> **Given records**:
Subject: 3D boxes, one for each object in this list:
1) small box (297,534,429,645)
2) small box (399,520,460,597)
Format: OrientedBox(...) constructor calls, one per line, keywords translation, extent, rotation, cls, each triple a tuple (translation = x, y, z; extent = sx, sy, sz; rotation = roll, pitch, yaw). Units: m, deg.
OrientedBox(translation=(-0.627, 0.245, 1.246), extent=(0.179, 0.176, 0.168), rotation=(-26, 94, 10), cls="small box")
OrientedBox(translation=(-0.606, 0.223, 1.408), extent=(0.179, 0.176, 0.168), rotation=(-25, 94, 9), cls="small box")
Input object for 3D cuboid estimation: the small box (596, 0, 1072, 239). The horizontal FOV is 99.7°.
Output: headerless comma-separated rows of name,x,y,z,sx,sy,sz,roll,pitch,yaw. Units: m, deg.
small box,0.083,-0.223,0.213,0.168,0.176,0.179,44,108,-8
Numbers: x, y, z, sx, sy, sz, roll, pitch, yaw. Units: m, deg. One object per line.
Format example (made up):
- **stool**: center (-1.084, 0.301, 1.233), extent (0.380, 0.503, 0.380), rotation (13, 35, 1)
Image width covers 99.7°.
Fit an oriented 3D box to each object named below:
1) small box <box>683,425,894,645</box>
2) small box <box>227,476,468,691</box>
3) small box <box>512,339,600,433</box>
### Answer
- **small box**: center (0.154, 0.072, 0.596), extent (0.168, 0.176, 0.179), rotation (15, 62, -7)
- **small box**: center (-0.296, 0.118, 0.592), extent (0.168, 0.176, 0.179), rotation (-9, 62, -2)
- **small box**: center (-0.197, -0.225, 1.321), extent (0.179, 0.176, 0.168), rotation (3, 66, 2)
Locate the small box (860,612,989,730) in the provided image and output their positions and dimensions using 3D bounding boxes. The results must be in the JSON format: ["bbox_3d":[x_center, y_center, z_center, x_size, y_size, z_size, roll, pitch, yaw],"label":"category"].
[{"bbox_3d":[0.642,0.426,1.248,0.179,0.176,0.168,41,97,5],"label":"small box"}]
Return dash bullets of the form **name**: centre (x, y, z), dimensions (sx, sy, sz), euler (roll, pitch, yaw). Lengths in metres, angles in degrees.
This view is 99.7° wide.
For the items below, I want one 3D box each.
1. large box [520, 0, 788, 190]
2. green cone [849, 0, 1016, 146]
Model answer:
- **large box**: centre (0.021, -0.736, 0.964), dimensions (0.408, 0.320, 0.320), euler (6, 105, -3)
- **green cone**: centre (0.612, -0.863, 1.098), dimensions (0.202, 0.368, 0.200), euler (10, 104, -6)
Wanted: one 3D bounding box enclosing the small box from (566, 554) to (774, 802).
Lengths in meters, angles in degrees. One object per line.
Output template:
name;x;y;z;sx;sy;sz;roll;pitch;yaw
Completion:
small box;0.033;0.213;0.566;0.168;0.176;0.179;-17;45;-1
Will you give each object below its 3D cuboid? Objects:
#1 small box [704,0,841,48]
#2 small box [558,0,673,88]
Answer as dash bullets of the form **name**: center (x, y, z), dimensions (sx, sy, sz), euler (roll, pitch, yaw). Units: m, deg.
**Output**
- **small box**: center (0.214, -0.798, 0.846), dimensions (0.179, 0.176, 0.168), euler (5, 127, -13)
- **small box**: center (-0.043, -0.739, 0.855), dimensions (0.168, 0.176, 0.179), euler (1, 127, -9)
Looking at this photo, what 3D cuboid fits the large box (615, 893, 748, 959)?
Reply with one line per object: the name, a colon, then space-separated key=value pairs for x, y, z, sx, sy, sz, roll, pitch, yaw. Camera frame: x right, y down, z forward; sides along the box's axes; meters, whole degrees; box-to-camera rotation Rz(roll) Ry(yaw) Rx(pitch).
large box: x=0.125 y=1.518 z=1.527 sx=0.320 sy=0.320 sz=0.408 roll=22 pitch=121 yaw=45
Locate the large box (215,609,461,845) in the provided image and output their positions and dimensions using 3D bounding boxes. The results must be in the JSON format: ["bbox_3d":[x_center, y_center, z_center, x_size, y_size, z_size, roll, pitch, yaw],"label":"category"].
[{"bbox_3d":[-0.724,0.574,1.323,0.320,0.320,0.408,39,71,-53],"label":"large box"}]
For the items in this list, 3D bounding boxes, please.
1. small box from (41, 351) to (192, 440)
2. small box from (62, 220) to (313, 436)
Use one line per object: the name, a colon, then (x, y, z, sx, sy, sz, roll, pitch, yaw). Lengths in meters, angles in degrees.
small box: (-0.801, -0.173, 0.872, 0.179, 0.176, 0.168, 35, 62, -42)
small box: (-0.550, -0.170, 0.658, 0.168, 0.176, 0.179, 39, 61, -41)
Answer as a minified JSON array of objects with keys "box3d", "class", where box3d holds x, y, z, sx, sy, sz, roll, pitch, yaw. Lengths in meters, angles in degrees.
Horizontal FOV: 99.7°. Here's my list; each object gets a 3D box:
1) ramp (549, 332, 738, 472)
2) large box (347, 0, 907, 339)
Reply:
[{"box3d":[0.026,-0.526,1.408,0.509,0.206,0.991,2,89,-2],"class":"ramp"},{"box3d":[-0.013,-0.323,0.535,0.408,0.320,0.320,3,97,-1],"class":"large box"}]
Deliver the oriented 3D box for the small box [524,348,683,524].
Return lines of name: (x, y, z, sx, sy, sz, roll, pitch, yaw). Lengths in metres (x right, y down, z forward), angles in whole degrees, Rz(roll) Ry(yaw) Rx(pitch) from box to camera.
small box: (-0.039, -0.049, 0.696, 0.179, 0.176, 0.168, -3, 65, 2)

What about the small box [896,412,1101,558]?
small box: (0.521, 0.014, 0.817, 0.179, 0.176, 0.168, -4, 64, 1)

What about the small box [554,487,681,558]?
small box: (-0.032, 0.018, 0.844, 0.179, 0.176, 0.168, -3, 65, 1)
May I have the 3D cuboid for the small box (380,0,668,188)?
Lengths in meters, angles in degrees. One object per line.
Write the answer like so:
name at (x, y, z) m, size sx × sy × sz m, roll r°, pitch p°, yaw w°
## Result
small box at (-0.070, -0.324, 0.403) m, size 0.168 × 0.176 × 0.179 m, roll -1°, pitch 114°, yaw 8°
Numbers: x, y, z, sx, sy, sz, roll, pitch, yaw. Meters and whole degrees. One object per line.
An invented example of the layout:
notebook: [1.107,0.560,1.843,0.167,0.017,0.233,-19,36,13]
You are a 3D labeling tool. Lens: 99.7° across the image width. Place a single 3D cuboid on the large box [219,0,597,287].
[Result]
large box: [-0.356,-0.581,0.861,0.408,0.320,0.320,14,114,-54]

> **Assignment**:
Pull out every line holding "example" from the records above, and copy it.

> **The answer**:
Format example (made up):
An invented example of the layout:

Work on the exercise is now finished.